You'll notice that there is some trickiness in the emitted code w.r.t. handling the by-reference parameter (my previous post deals with this issue in more detail). In general, though, the emitted code is inefficient - there is close to 0 optimization applied.

Also, if you're very diligent you'll notice something odd about the global variable X - it seems to be implicitly returned by the generated main function. This is just a testing facility that makes my compiler easy to test. All the compilers are extensively tested - usually by running the generated WASM code and verifying expected results.

Insights - what makes this tutorial so special?

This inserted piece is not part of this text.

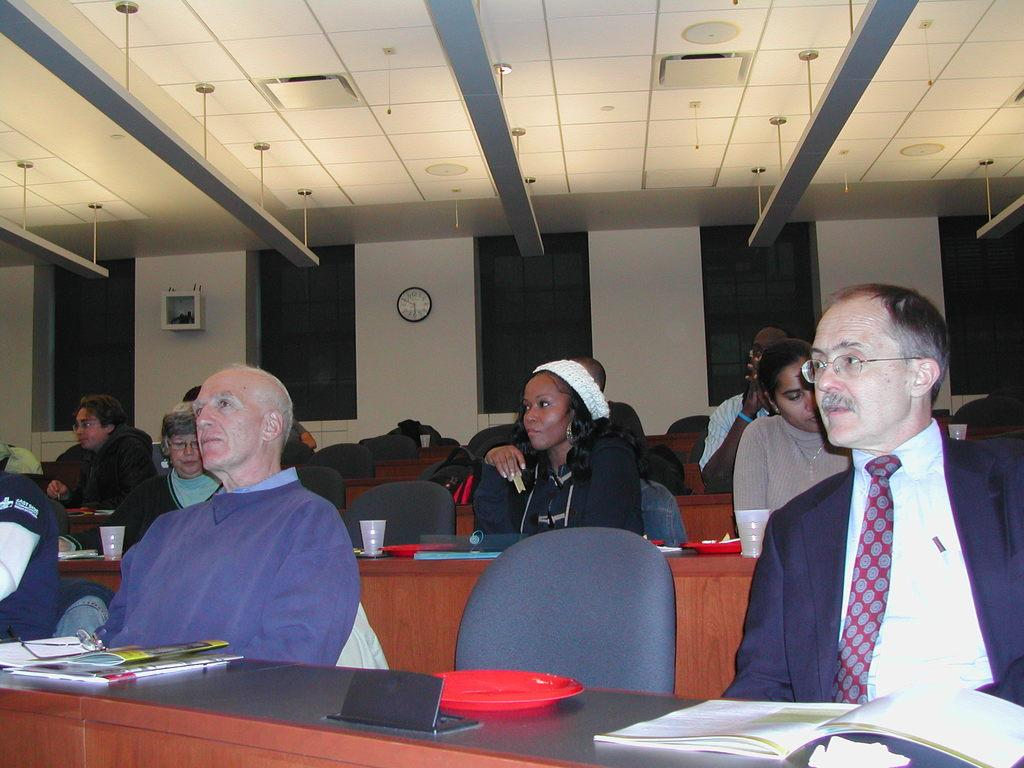What are the people in the image doing? The people in the image are sitting on chairs. What can be seen on the table or surface in front of the people? There are books and cups visible in the image. What other objects can be seen in the image? There are other objects present in the image, but their specific details are not mentioned in the provided facts. What can be seen in the background of the image? There is a wall, a clock, and a roof visible in the background of the image. Are there any other objects in the background of the image? Yes, there are other objects in the background of the image, as mentioned in the provided facts. What advice is the person in the image giving to the driver? There is no person giving advice to a driver in the image, as there is no mention of a driver or any advice-giving situation.

While reading the original tutorial again, I had on opportunity to reminisce on what makes it so effective. Other than the very fluent and conversational writing style of Jack Crenshaw, I think it's a combination of two key factors:

The tutorial builds a recursive-descent parser step by step, rather than giving a long preface on automata and table-based parser generators. When I first encountered it (in 2003), it was taken for granted that if you want to write a parser then lex + yacc are the way to go . Following the development of a simple and clean hand-written parser was a revelation that wholly changed my approach to the subject; subsequently, hand-written recursive-descent parsers have been my go-to approach for almost 20 years now.
Rather than getting stuck in front-end minutiae, the tutorial goes straight to generating working assembly code, from very early on. This was also a breath of fresh air for engineers who grew up with more traditional courses where you spend 90% of the time on parsing, type checking and other semantic analysis and often run entirely out of steam by the time code generation is taught.

To be honest, I don't think either of these are a big problem with modern resources, but back in the day the tutorial clearly hit the right nerve with many people.

What else does it teach us?

Jack Crenshaw's tutorial takes the syntax-directed translation approach, where code is emitted while parsing, without having to divide the compiler into explicit phases with IRs. As I said above, this is a fantastic approach for getting started, but in the latter parts of the tutorial it starts showing its limitations. Especially once we get to types, it becomes painfully obvious that it would be very nice if we knew the types of expressions before we generate code for them.

I don't know if this is implicated in Jack Crenshaw's abandoning the tutorial at some point after part 14, but it may very well be. He keeps writing how the emitted code is clearly sub-optimal and can be improved, but IMHO it's just not that easy to improve using the syntax-directed translation strategy. With perfect hindsight vision, I would probably use Part 14 (types) as a turning point - emitting some kind of AST from the parser and then doing simple type checking and analysis on that AST prior to generating code from it.

Conclusion

All in all, the original tutorial remains a wonderfully readable introduction to building compilers. This post and the GitHub repository it describes are a modest contribution that aims to improve the experience of folks reading the original tutorial today and not willing to use obsolete technologies. As always, let me know if you run into any issues or have questions!